4.2 Uma primeira questão: a invisibilidade da mulher como produtora de

4.2.1 A invisibilidade da mulher ou o silêncio das fontes?

4.2.1.4 Atuação do movimento feminista para mudanças de discursos

O movimento feminista da década de 1960, ao envolver inúmeras mulheres artistas, ligadas à Segunda Onda do Feminismo, fez com que historiadoras/es acrescentassem aos conteúdos consagrados da História da Arte, aquilo que foi chamado de arte das minorias (arte negra, arte feminista, arte gay), ou como afirma

Lucie-Smith (1998) arte baseada num tema. A opção por um tema possibilitou à/ao artista contemporânea/o valer-se de sua arte para dar voz aos grupos que se sentiam desconsiderados socialmente em suas manifestações artísticas. Foi a partir deste novo encaminhamento do campo da arte (foco no conteúdo ou no tema) que se destacaram obras realizadas por artistas feministas, sendo algumas ligadas ao pós-estruturalismo. Para que se chegasse a essa nova realidade, na qual a mulher mostra-se relativamente visível, foi necessário que ocorresse a desconstrução da idéia de naturalização e de essencialismo; foram necessários quase dois séculos de feminismo, com intensas lutas de muitas mulheres e alguns homens em diferentes frentes. Como afirma Reverter-Bañon (2003, p.45),

num mundo com complexidades somente compreendidas a partir dos pressupostos pós-modernos, com uma globalização em fase inicial que nos desafia ao mesmo tempo que ameaça, [...] o feminismo foi diversificando enormemente sua agenda e perspectivas.

Em decorrência disso, a década de 1990 passa a ter um significado especial, uma vez que “começou a questionar o conceito de gênero e o sistema sexo/gênero organizado sobre ele” (REVERTER-BAÑON, 2003, p.45).

Considera esta autora que a filosofia construtivista da década de 1990 desenvolveu, de maneira cada vez mais clara e contundente, a noção de identidade como artefato construído em todas as suas dimensões. Porém, há reações entre os investigadores ortodoxos das academias que não atendem a este tipo de teorização dos últimos feminismos. Apesar das dificuldades presentes, frente aos novos encaminhamentos filosóficos, o mérito das teóricas feministas, como Scott (1996), parece ter sido fazer visível a idéia de construção de gênero ou de que as diferenças entre homens e mulheres são decorrentes de construções sociais baseadas nas diferenças entre os sexos.

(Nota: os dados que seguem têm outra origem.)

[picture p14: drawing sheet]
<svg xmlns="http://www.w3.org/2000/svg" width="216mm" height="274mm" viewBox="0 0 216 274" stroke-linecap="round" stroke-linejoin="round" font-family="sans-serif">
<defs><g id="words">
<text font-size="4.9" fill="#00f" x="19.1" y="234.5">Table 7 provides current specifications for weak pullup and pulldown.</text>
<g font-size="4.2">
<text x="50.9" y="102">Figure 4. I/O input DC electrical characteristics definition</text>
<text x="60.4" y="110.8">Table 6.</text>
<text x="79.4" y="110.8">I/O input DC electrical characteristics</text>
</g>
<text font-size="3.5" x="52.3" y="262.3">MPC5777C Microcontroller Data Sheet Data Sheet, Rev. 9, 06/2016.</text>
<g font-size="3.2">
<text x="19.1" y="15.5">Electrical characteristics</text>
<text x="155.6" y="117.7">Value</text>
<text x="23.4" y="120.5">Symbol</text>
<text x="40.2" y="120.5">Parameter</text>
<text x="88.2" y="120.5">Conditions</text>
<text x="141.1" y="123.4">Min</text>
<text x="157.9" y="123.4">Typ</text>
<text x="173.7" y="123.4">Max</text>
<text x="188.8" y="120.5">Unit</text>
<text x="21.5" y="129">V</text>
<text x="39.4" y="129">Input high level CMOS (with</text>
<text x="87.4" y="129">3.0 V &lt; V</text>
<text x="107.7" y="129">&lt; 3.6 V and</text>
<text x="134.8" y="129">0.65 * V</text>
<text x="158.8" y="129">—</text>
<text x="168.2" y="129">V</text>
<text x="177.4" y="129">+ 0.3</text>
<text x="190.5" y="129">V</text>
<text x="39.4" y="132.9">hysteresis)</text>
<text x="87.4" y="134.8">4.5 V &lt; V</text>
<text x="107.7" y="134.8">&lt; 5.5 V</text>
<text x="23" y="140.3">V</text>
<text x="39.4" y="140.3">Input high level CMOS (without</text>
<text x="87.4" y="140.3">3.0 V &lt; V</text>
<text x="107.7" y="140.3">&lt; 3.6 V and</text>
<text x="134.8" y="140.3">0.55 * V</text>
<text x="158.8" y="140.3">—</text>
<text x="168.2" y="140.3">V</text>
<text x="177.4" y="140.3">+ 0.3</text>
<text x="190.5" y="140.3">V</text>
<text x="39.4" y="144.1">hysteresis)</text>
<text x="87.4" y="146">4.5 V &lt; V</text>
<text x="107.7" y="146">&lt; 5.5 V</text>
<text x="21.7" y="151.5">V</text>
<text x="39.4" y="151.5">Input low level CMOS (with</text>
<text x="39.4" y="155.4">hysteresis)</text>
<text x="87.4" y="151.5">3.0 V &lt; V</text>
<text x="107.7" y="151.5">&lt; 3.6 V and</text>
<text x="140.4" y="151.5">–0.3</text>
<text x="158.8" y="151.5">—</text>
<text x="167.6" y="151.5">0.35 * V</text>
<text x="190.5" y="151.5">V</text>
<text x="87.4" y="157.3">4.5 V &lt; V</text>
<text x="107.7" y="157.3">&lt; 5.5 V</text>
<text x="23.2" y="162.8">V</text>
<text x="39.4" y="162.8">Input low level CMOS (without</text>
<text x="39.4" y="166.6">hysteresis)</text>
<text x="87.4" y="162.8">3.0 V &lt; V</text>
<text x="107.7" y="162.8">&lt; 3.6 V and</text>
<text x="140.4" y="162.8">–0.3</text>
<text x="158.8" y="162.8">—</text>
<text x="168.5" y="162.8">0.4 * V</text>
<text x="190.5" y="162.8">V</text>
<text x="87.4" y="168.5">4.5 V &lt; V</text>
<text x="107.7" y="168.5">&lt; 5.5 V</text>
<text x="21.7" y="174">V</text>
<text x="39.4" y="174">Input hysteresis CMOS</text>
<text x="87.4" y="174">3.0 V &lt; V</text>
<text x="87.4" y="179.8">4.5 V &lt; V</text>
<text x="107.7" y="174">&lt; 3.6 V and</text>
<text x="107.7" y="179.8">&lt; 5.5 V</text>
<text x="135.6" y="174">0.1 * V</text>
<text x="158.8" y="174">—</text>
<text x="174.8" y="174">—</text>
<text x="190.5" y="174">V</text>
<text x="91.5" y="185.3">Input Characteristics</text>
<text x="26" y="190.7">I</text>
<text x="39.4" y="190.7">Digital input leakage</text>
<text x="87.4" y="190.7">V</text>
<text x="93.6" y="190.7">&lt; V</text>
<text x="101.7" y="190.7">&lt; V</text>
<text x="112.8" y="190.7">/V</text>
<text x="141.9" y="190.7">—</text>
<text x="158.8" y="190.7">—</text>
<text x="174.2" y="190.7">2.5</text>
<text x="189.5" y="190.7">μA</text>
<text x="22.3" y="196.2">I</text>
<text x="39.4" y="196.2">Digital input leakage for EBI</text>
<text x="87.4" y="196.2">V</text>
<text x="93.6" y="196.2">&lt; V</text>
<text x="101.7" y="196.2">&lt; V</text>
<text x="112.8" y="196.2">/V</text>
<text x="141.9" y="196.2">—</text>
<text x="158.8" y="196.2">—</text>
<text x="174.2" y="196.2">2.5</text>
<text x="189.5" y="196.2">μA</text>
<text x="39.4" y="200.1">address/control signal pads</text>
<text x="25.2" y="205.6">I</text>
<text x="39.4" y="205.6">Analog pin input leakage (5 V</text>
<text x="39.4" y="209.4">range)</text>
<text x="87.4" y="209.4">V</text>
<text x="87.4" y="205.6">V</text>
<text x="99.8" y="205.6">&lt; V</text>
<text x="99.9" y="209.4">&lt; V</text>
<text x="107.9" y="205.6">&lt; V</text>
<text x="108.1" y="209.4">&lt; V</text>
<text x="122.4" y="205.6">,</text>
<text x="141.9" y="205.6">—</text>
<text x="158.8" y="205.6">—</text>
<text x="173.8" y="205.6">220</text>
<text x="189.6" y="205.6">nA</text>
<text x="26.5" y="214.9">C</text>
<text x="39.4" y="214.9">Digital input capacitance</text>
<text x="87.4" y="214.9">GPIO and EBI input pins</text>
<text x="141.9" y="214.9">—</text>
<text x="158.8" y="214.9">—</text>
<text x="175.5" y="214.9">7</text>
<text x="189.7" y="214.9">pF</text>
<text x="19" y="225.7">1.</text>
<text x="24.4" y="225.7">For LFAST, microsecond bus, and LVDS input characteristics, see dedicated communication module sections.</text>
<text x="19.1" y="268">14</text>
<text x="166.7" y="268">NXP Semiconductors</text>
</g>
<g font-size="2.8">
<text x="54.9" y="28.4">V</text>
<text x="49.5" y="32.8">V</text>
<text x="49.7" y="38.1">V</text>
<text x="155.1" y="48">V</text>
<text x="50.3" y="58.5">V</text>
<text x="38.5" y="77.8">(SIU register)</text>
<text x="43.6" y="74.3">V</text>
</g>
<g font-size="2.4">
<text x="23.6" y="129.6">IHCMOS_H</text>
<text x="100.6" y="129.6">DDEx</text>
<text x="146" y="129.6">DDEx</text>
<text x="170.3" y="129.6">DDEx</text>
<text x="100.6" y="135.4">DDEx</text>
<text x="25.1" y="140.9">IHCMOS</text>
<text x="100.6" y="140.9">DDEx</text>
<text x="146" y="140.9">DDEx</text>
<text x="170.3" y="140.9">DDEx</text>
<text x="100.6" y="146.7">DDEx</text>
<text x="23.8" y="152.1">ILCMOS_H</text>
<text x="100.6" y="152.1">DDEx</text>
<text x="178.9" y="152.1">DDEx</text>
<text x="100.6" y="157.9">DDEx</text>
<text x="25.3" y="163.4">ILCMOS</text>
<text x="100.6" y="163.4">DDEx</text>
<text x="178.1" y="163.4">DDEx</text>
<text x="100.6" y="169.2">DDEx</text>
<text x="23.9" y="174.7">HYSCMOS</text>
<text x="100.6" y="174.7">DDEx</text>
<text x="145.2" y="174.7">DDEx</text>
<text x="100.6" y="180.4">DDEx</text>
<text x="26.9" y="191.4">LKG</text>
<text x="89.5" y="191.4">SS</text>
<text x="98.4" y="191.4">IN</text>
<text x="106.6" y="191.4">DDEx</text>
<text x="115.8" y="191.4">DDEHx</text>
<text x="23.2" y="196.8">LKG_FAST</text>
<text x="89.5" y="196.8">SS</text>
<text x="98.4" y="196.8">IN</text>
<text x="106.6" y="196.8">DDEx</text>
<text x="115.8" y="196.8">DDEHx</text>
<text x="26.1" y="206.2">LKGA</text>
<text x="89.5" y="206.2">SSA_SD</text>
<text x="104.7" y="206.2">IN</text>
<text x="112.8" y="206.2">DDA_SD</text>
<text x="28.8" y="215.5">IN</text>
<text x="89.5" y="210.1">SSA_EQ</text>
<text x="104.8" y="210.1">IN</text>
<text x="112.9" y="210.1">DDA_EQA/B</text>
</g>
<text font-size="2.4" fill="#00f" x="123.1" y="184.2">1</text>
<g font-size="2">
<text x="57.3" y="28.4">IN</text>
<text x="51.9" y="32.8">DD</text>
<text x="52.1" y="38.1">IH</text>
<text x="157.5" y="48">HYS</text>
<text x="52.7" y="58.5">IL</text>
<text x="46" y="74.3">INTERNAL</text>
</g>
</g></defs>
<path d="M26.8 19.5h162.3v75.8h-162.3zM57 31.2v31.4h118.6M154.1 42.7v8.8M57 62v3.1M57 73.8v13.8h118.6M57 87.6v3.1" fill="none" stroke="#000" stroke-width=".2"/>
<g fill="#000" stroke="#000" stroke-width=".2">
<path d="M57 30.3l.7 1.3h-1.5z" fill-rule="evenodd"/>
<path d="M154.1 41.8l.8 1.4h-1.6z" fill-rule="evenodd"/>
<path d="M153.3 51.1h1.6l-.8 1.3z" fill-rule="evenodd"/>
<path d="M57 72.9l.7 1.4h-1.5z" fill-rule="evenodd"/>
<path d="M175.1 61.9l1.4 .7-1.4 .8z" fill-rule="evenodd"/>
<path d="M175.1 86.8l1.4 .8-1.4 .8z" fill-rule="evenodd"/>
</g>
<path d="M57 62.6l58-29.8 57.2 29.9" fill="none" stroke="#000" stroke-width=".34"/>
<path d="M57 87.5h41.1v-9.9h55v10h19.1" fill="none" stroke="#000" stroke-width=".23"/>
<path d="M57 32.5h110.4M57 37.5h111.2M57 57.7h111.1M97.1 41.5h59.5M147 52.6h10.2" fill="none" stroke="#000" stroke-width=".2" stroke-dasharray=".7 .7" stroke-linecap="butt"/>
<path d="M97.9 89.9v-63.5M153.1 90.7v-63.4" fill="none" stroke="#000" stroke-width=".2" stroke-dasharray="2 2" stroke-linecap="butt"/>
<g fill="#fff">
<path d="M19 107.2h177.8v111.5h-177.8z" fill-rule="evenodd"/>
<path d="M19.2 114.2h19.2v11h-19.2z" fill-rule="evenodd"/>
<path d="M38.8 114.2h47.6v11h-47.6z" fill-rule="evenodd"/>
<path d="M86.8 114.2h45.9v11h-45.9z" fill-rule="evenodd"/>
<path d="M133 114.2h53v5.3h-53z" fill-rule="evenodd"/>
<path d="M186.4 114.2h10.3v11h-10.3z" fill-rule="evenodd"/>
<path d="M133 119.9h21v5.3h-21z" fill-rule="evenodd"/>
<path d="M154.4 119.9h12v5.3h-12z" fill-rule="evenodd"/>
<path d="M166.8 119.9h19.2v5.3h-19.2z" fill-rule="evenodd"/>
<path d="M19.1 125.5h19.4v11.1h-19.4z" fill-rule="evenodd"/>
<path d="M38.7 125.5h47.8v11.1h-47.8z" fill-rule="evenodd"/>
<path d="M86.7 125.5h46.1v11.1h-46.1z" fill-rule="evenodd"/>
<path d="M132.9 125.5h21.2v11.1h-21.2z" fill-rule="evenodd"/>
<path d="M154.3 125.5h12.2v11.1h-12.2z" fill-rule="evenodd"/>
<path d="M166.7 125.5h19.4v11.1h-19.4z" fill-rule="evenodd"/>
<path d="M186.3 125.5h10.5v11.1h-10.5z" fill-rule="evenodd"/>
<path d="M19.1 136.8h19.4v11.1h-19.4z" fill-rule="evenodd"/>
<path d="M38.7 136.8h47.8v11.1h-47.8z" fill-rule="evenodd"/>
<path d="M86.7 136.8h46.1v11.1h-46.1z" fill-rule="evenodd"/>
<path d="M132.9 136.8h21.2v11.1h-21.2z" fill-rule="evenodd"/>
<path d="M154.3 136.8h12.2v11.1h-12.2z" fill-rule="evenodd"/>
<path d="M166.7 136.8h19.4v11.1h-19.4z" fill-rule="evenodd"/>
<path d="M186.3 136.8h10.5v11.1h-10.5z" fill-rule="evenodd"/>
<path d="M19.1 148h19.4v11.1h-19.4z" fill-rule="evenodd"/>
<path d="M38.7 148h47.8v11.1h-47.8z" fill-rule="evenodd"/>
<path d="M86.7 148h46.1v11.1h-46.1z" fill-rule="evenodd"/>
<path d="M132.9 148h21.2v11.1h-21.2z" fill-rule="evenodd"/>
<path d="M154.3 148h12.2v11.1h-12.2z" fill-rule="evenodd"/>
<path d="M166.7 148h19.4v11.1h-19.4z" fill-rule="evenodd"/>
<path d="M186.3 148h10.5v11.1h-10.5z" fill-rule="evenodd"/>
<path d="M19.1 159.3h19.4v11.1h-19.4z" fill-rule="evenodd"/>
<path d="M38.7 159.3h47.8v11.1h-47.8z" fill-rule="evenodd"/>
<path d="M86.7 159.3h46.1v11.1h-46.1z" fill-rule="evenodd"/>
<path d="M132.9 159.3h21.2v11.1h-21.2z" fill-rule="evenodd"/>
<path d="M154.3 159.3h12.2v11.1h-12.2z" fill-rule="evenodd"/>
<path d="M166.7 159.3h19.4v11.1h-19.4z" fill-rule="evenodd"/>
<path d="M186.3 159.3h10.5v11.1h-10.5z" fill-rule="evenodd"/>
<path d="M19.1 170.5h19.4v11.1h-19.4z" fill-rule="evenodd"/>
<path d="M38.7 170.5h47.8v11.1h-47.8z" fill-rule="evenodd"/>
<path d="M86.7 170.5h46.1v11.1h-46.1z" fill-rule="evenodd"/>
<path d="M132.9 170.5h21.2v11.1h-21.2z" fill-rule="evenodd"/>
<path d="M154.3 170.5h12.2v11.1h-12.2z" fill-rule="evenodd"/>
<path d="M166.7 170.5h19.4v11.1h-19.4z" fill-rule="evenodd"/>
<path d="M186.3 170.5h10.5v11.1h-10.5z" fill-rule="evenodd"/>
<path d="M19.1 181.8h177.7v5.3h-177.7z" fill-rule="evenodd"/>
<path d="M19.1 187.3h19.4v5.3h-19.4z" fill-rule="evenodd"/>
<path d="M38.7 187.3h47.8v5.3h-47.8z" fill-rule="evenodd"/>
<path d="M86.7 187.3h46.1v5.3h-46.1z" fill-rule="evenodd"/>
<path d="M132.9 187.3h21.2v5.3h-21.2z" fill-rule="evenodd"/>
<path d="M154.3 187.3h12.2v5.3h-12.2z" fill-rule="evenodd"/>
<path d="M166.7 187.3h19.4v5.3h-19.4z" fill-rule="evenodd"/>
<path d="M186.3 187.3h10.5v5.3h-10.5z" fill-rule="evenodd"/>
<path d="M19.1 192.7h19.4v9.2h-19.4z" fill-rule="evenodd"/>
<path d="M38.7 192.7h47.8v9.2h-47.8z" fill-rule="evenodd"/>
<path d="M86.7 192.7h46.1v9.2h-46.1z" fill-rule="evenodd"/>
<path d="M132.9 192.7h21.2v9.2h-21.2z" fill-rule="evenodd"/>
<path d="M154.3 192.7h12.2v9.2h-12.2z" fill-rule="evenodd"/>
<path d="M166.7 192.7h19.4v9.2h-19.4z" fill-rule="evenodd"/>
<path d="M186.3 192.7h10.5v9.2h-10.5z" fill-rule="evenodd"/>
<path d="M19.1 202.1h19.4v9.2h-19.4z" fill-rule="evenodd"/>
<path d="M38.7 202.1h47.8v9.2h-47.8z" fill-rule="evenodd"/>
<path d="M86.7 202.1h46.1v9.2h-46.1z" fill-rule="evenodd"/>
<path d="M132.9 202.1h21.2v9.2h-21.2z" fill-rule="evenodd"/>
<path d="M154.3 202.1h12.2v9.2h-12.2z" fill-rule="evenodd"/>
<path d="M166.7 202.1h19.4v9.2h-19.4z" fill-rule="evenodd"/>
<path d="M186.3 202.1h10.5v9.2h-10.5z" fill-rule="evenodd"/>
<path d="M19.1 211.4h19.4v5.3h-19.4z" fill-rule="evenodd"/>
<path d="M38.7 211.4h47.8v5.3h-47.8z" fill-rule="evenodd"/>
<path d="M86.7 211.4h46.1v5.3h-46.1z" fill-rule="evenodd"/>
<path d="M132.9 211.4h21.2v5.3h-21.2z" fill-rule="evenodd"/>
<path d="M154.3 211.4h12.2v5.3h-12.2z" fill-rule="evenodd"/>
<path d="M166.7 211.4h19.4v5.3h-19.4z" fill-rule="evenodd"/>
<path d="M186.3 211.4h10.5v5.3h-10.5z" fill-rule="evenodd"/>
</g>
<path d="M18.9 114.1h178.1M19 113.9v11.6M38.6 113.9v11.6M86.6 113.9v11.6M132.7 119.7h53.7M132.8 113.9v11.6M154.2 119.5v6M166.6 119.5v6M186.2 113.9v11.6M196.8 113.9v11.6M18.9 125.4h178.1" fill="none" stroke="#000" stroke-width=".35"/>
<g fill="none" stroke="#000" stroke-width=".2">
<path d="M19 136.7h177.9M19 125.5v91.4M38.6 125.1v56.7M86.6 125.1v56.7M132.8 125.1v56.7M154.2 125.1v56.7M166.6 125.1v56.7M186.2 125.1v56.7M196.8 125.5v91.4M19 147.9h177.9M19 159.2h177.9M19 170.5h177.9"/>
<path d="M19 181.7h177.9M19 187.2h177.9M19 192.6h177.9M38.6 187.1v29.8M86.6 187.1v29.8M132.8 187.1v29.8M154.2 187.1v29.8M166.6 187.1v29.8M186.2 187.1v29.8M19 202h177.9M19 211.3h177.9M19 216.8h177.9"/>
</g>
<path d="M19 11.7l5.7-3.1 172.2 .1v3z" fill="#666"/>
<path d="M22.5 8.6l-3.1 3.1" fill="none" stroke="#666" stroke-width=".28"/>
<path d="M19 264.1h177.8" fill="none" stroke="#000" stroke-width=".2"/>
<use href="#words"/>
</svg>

Algumas teóricas/artistas pós-estruturalistas, como Bárbara Kruger, acreditavam que a tarefa da arte deveria ser a de revelar que o conceito de feminilidade é resultado de construções sociais. Com este posicionamento, elas reforçavam a idéia da feminilidade como uma máscara, resultante de um comportamento adotado para se adequar às expectativas da sociedade. Como pós- estruturalistas, rompiam com a idéia de uma essência feminina uma vez que a mulher seria resultado de um conjunto internalizado de representações presentes nos diferentes campos sociais.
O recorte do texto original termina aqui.